Тысяча душ
1858
IV
В двенадцать часов Калинович, переодевшись из мундира в черный фрак, в черный атласный шарф и черный бархатный жилет и надев сверх всего новое пальто, вышел, чтоб отправиться делать визиты, но, увидев присланный ему экипаж, попятился назад: лошадь, о которой Петр Михайлыч так лестно отзывался, конечно, была, благодаря неусыпному вниманию Палагеи Евграфовны, очень раскормленная; но огромная, жирная голова, отвислые уши, толстые, мохнатые ноги ясно свидетельствовали о ее солидном возрасте, сырой комплекции и кротком нраве. Сбруя, купленная тоже собственными руками экономки, отличалась более прочностью, чем изяществом. Дрожки на огромных колесах, высочайших рессорах и с неуклюжими козлами принадлежали к разряду тех экипажей, которые называются адамовскими. И, в заключение всего, кучером сидел уродливый Гаврилыч, закутанный в серый решменский, с огромного мужика армяк, в нахлобученной серой поярковой круглой шляпе, из-под которой торчала только небольшая часть его морды и щетинистые усы. При появлении Калиновича Терка снял шляпу и поклонился.
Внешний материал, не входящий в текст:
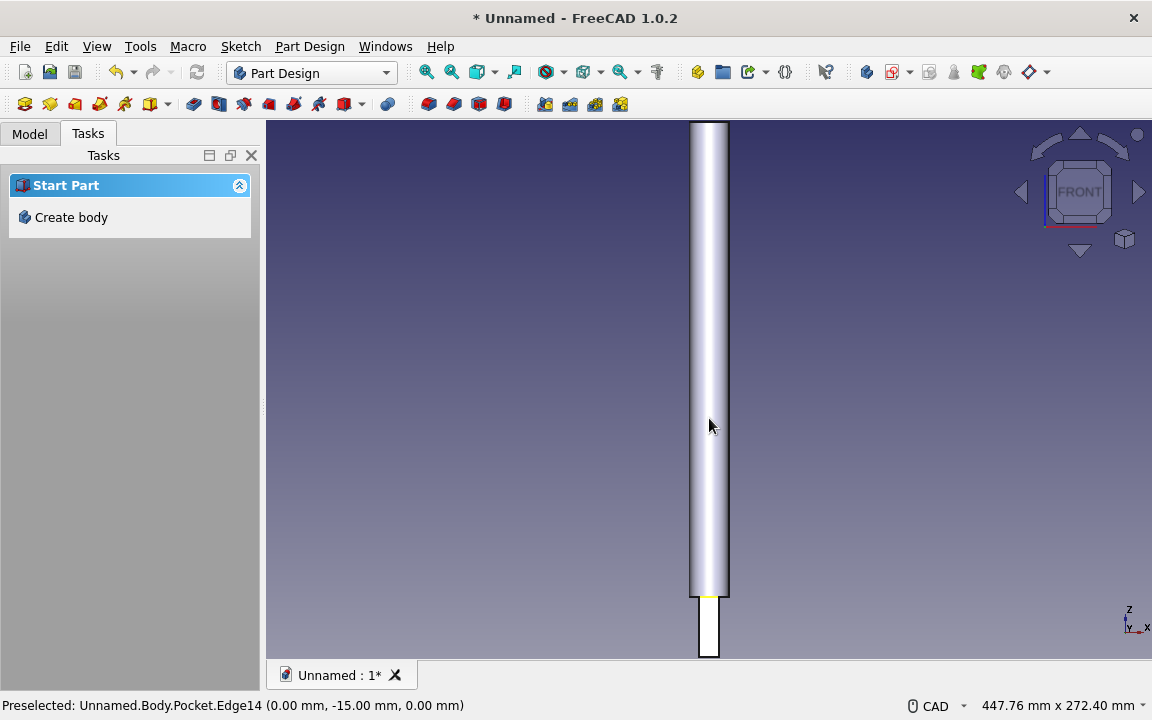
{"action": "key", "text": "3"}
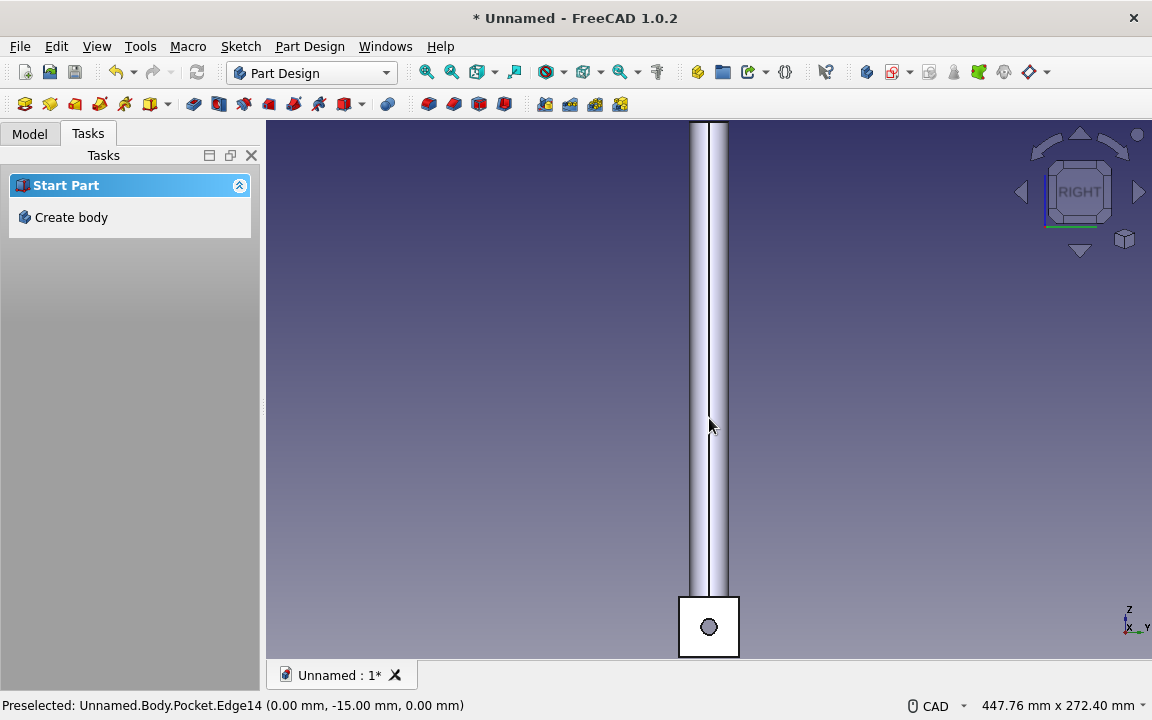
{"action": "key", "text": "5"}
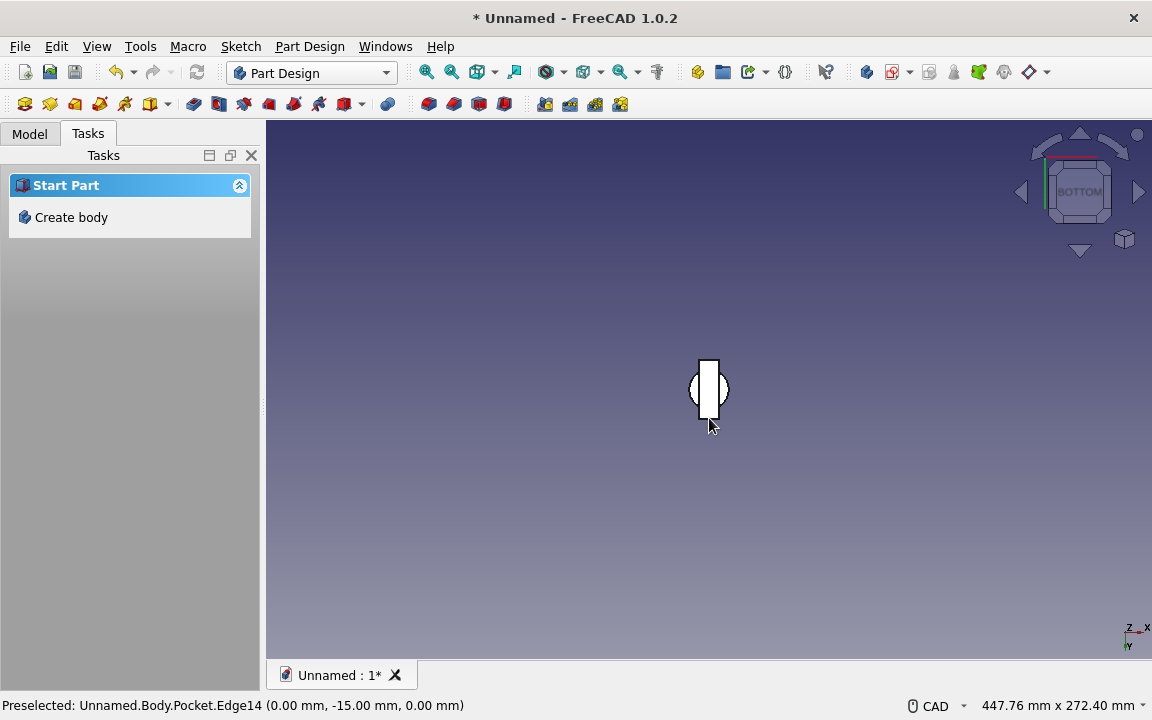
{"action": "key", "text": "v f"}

— Ты, верно, лакей? — спросил Калинович.
— Салдат, ваше благородие, отставной салдат, — отвечал Терка и опять поклонился.
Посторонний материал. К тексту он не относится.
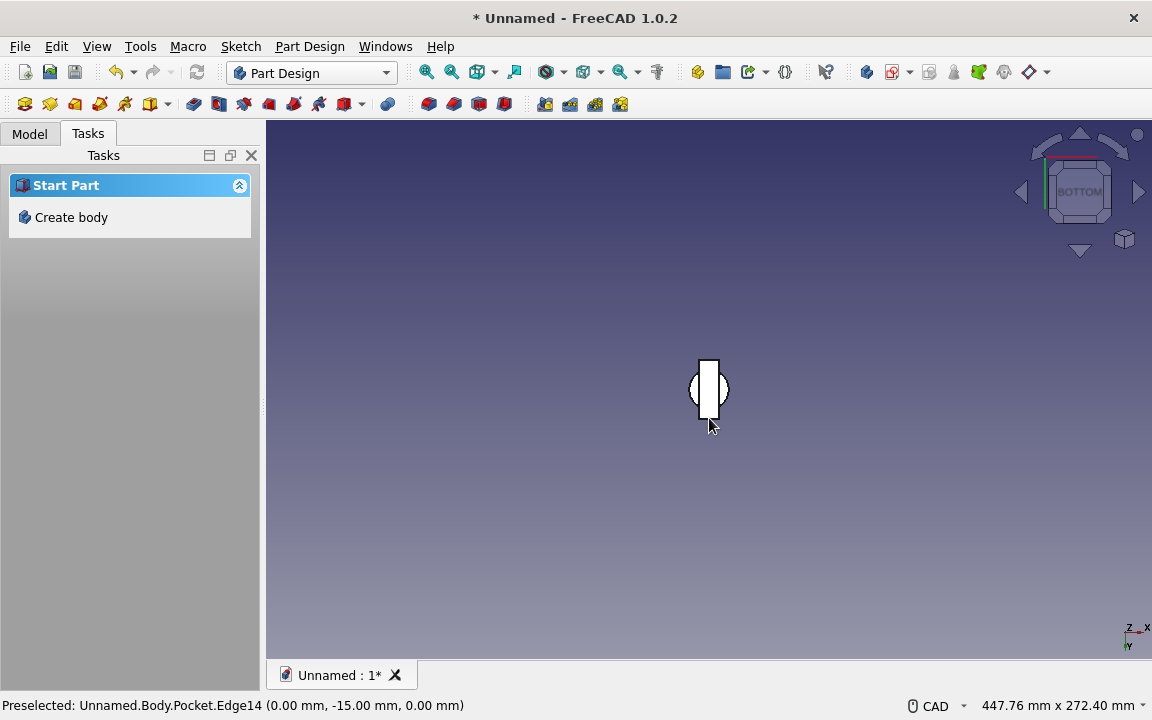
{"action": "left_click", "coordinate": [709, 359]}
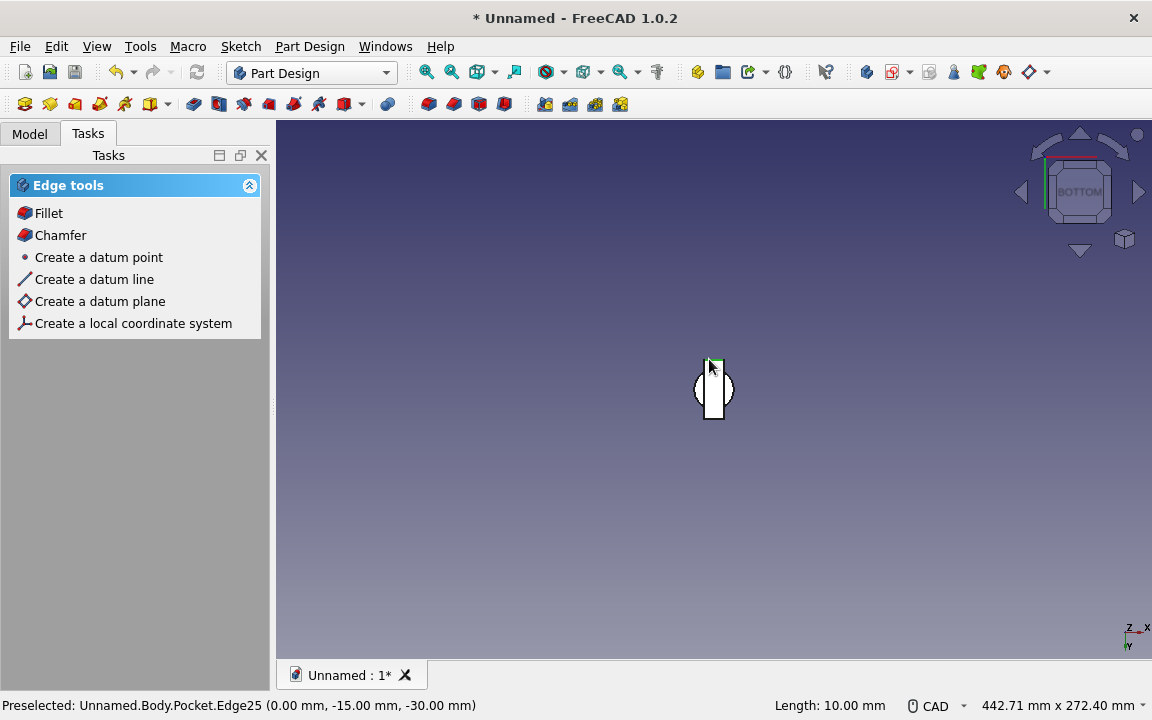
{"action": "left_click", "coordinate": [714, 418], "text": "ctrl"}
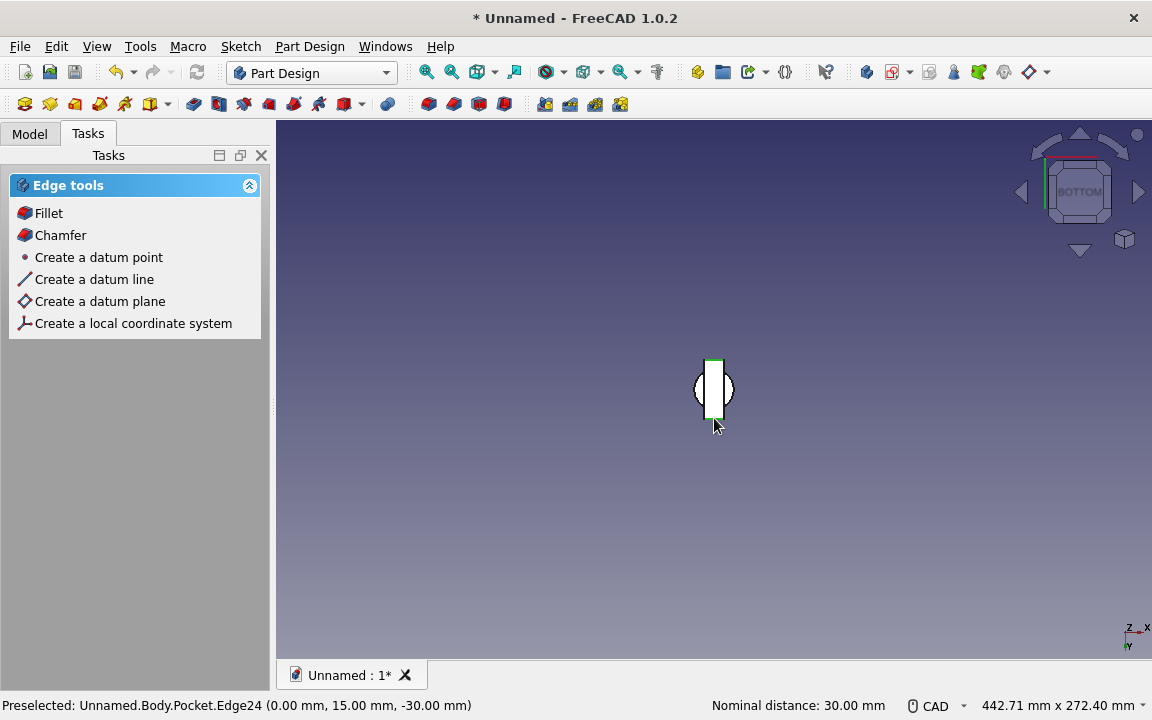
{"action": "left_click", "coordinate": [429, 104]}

— Зачем же ты стриженый, когда в кучера нанимаешься?
— Нет, ваше благородие, я не в кучерах: я ачилище стерегу. Палагея Евграфовна меня послала — парень ихний хворает. «Поди, говорит, Гаврилыч, съезди». Вот что, ваше благородие, — отрапортовал инвалид и в третий раз поклонился. Он, видимо, подличал перед новым начальником.
Молодой смотритель находился некоторое время в раздумье: ехать ли ему в таком экипаже, или нет? Но делать нечего, — другого взять было негде. Он сделал насмешливую гримасу и сел, велев себя везти к городничему, который жил в присутственных местах.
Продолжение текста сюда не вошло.